1 2 3 4 5 6 7 8 9 10 11 12 13 14 15 16 |
with table_of_strings (string) as ( select 'This is one string' union all select 'And here is another' union all select 'a third...' union all select '...and a fourth' ) select substring(s.string, n.num, charindex(' ',substring(s.string, n.num, len(s.string)) + ' ')) as word from table_of_strings s join dbo.nums n on n.num <= len(s.string) and substring(' ' + s.string, n.num, 1) = ' ' ; |
There are obviously other methods that can be used – this is just one. But now compare it to the following:
1 2 3 4 5 6 7 8 9 10 11 12 13 14 15 16 |
declare @qry nvarchar(max); with table_of_strings (string) as ( select 'This is one string' union all select 'And here is another' union all select 'a third...' union all select '...and a fourth' ) select @qry = stuff((select replace(' ' + replace(string,'''',''''''),' ',''' as word union all select ''') from table_of_strings for xml path('')), 1, 20, '') + ''' as word' ; exec sp_executesql @qry; |
Here I’m constructing a query using dynamic SQL to split strings, making a query which performs a UNION ALL of all my queries. And when I look at the cost of a batch that runs both these methods (by asking Management Studio to show me the Plans), I find that the second one is incredibly cheap. In fact, if I turn on statistics io, I can see that there is no I/O at all for the second method, whereas the first requires 12 logical reads – presumably to get at my table of numbers.
Clearly my dynamic SQL method of splitting strings is fantastically fast, and this is completely true. It is fantastic – a thing of fantasy. It’s actually really awful.
You see, as I mentioned earlier, SQL Server isn’t particularly good at string manipulation. So much so that creating this piece of dynamic SQL is very costly, won’t scale, and should never be implemented in a real environment. You can have a look at it to verify what I’m saying, but if you try to do this on a large set of data, you will very quickly find out just how poor it is.
To test it, created a table called table_of_strings (string varchar(1000)) and populated it with those four strings. I then doubled its size ten times using:
1 2 3 |
insert dbo.table_of_strings select * from dbo.table_of_strings go 10 |
Using the table of numbers to split the strings involved over 12,000 logical reads, but the elapsed time showed 289 milliseconds to provide the 13312 rows of results.
The dynamic SQL method used a total of just 26 logical reads, but took 34 seconds to run on my (old) machine.
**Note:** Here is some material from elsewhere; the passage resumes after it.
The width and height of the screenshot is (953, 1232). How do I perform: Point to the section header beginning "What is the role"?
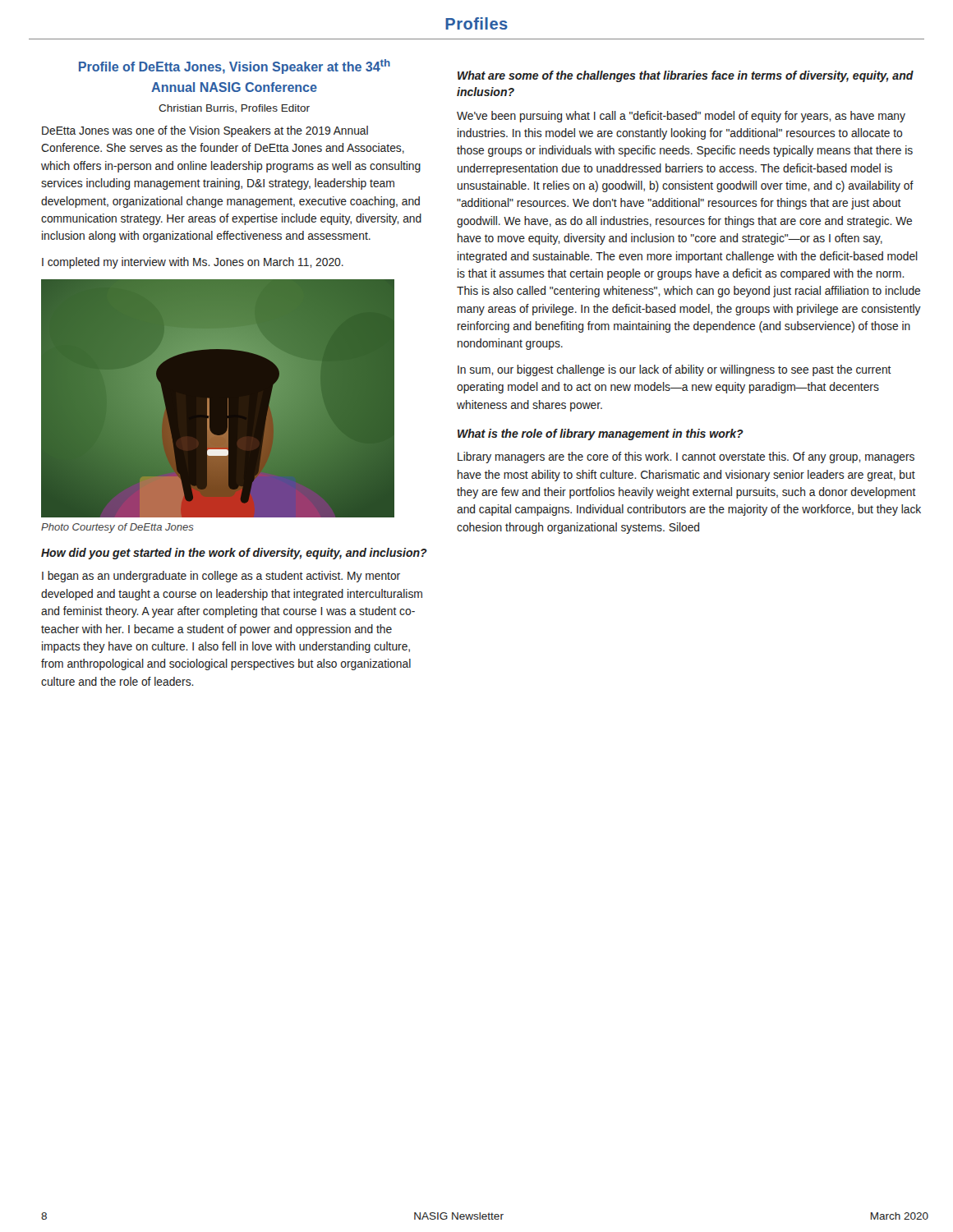pyautogui.click(x=600, y=434)

I’m not suggesting you ignore the I/O-based cost of execution plans, but you should most definitely consider more than just that – particularly as Solid State storage becomes more and more commonplace.
This Post Has 6 Comments
Bummer! I was going to do a "Bad habits to kick : ignoring I/O" post for tomorrow, but my ideas were pretty much identical to yours. Kudos.
You should still write it though.
I’d give SET STATISTICS TIME ON a shout out too. I’ve found my own fair share of instances where a query that appears to run acceptably time-wise and I/O wise may be over utilizing CPU.
Yup, you’re really right. I abandoned my original idea though, and published a more broad "bad habits" type of I/O post.
I’d run profiler to get the correct reads for your second method.
i’ve seen STATS IO get totally screwed up when doing string manipulations.
i have a query where the STATS IO show 30k reads while profiler shows 500k reads.
Yes, I demonstrated that in my sqlbits.com talk, where a Compute Scalar had lots of hidden reads. stats io showed just 2 reads, when there were many in Profiler.
But the problem with this query is the intense CPU needed. There are some hidden I/O costs, but that’s a small impact compared to the CPU.